Articles of Association

The Articles of Association (AOA) is a legal document that sets out the internal regulations of a company. It is filed with the registrar of companies when a company is incorporated. The AOA contains the following information:

  • The management structure of the company (e.g., the number and composition of the board of directors)
  • The voting rights of the shareholders
  • The procedures for calling and conducting shareholder meetings
  • The procedures for appointing and removing directors
  • The procedures for issuing shares and making dividends
  • The procedures for winding up the company

What are the compulsory clauses of an AOA?

The compulsory clauses of an AOA are as follows:

  • Name clause
  • Registered office clause
  • Object clause
  • Liability clause
  • Capital clause
  • Association clause
  • One-Person Company clause

What are the optional clauses of an AOA?

The optional clauses of an AOA are as follows:

  • Restriction on transfer of shares clause
  • Power to alter AOA clause
  • Power to appoint liquidator clause
  • Power to make calls on shares clause
  • Power to issue redeemable shares clause
  • Power to issue preference shares clause
  • Meetings of shareholders clause
  • Directors’ powers clause
  • Dividends clause
  • Winding up clause

MCQs on Articles of Association

  1. Which of the following is not a compulsory clause of an AOA?
    • Name clause
    • Registered office clause
    • Object clause
    • Liability clause
    • Capital clause

The answer is (d). The capital clause is an optional clause of an AOA.

  1. Which of the following is an optional clause of an AOA?
    • Restriction on transfer of shares clause
    • Power to alter AOA clause
    • Power to appoint liquidator clause
    • Power to make calls on shares clause
    • All of the above

The answer is (d). All of the above are optional clauses of an AOA.

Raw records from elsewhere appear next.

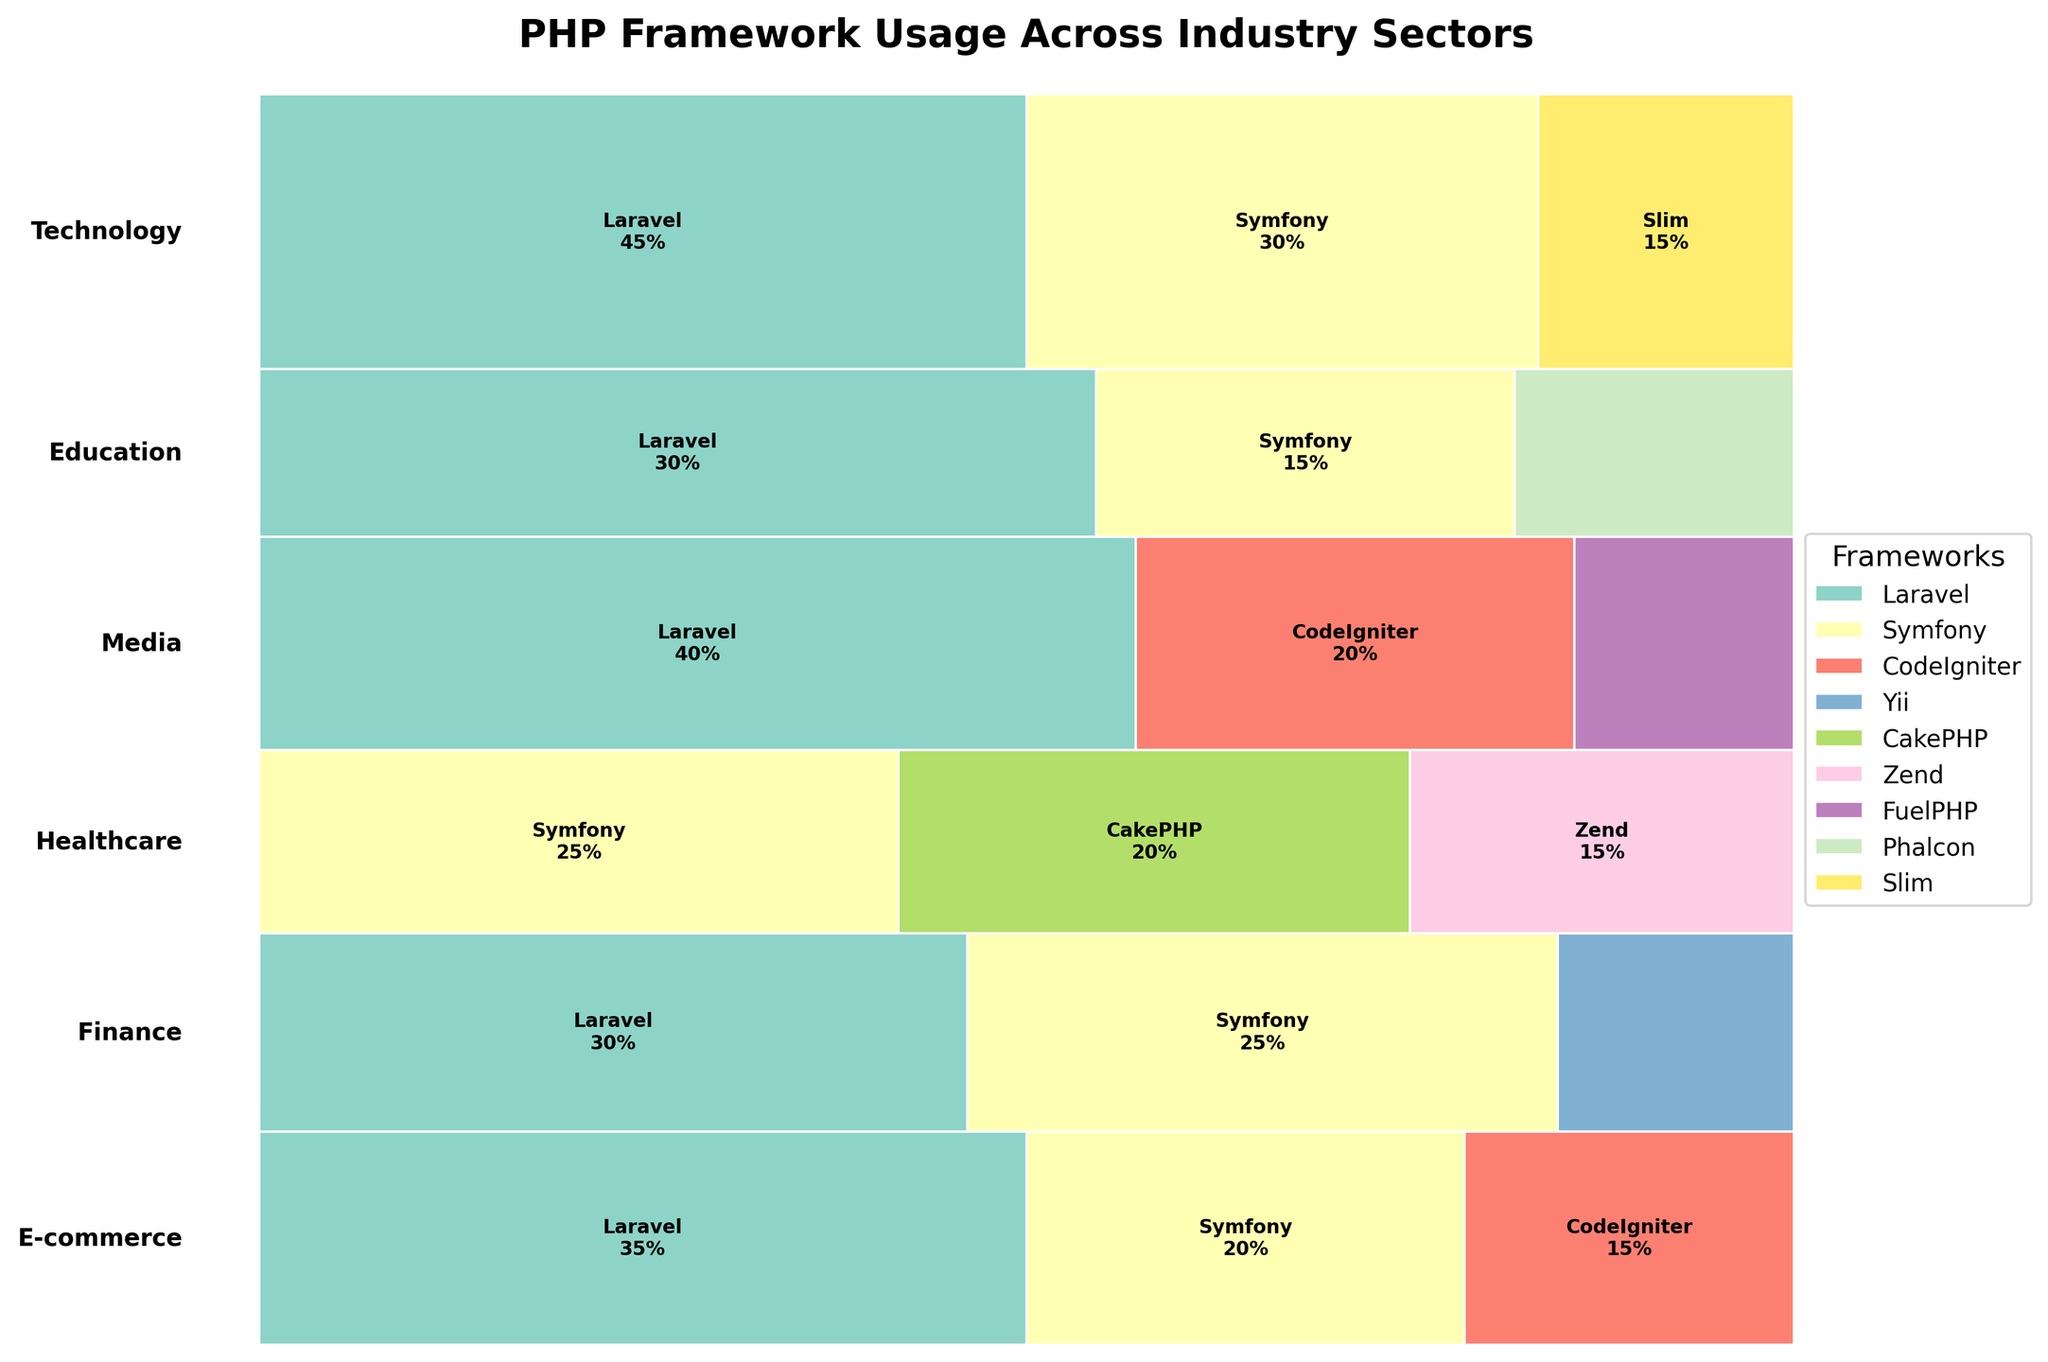Which industry has the highest usage of Laravel? By observing the Mosaic Plot, each industry section is visually divided based on usage percentages for each PHP framework. The industry with the widest segment for Laravel will have the highest usage.
Answer: Technology How does Symfony's usage in the Finance sector compare to that in the Education sector? Look at the sections of the plot corresponding to Symfony in both the Finance and Education industries and compare their sizes or labeled percentages directly.
Answer: Higher in Finance Which framework is used the most in the Media industry? By identifying the framework with the largest area (or percentage label) within the Media section of the plot, we can determine the most used framework.
Answer: Laravel What is the ratio of Laravel's usage in Technology compared to Finance? Compare the percentage areas labeled for Laravel in both the Technology and Finance sections of the plot. Laravel in Technology is 45%, while in Finance, it is 30%. The ratio is 45:30 or simplified as 3:2.
Answer: 3:2 Is there any industry where Zend is used? Identify if the Zend framework appears in any labeled section of the plot, representing its usage in any industry.
Answer: Yes, Healthcare Which industry has the least diversity in PHP frameworks used? Look for the industry with the fewest different frameworks represented within its plot section.
Answer: Education Which PHP framework is the least used across all industries? Examine the total number of occurrences and the smallest areas representing framework usage across all industry sections of the plot to identify the least used framework.
Answer: Slim How does the usage of CodeIgniter in Media compare to its usage in E-commerce? Compare the sections of the plot for CodeIgniter usage in both Media and E-commerce, noting the percentage labels or area sizes. Media shows 20%, while E-commerce shows 15%.
Answer: Higher in Media 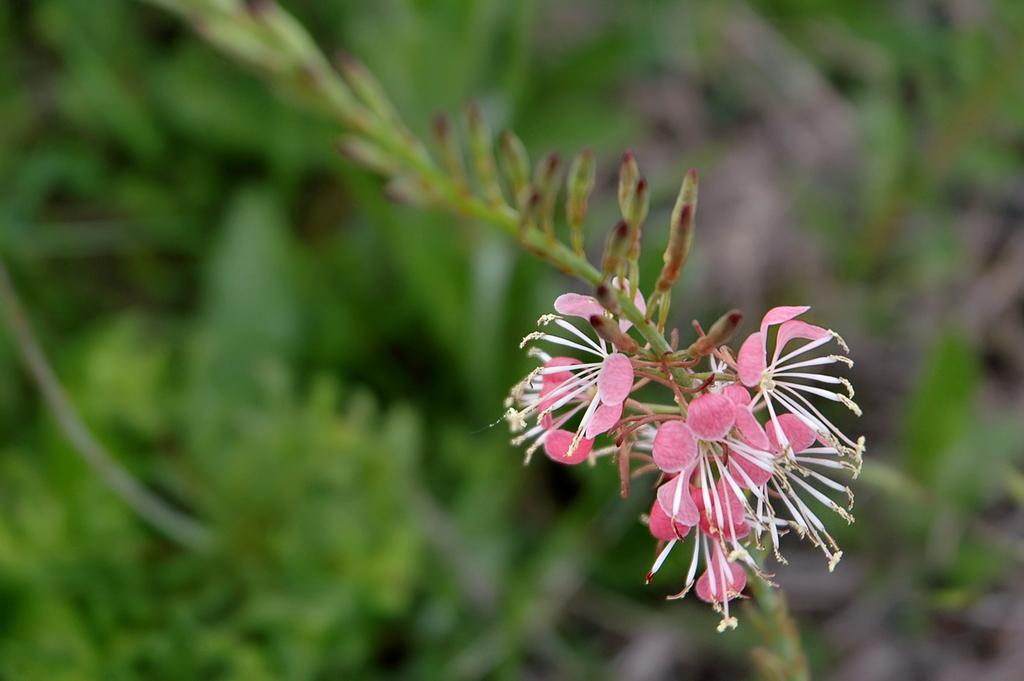In one or two sentences, can you explain what this image depicts? In this image there are flowers and buds to a stem. Behind it there are plants. The background is blurry. 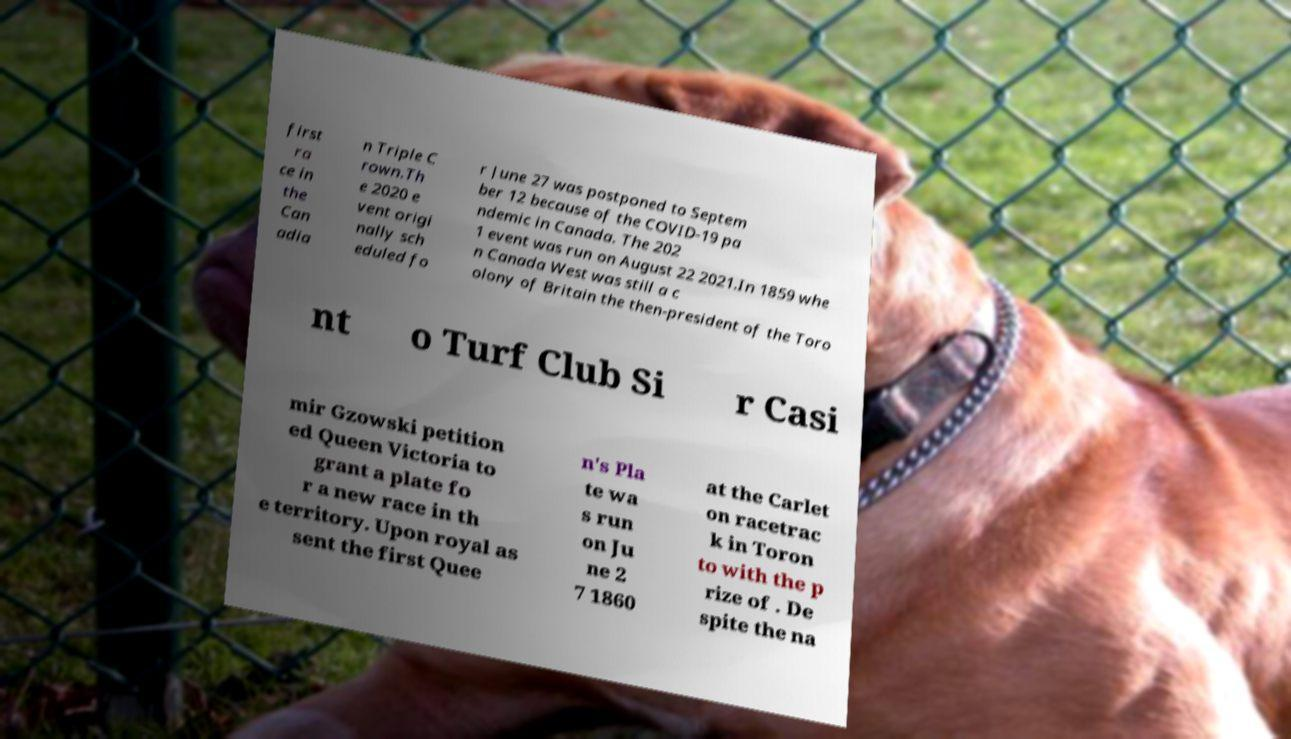Could you extract and type out the text from this image? first ra ce in the Can adia n Triple C rown.Th e 2020 e vent origi nally sch eduled fo r June 27 was postponed to Septem ber 12 because of the COVID-19 pa ndemic in Canada. The 202 1 event was run on August 22 2021.In 1859 whe n Canada West was still a c olony of Britain the then-president of the Toro nt o Turf Club Si r Casi mir Gzowski petition ed Queen Victoria to grant a plate fo r a new race in th e territory. Upon royal as sent the first Quee n's Pla te wa s run on Ju ne 2 7 1860 at the Carlet on racetrac k in Toron to with the p rize of . De spite the na

  1. Which of the following is not a requirement for a company to have a valid AOA?
    • The AOA must be in writing.
    • The AOA must be signed by all the subscribers to the company’s memorandum of association.
    • The AOA must be filed with the registrar of companies.
    • The AOA must be in the prescribed form.

The answer is (c). The AOA does not need to be in the prescribed form. The prescribed form is only used for companies incorporated under the Companies Act of 1956.

How are the Articles of Association and Memorandum of Association related?

The Memorandum of Association (MOA) and Articles of Association (AOA) are two important documents that govern the operation of a company. The MOA sets out the basic structure and operations of the company, while the AOA sets out the internal regulations of the company.

The MOA is a public document, while the AOA is a private document. This means that the MOA is available for public inspection, while the AOA is only available to the company’s shareholders and directors.

The MOA and AOA are closely related. The AOA must be consistent with the MOA. This means that the AOA cannot contain any provisions that are inconsistent with the MOA.

If there is a conflict between the MOA and AOA, the MOA will prevail. This is because the MOA is the more important document.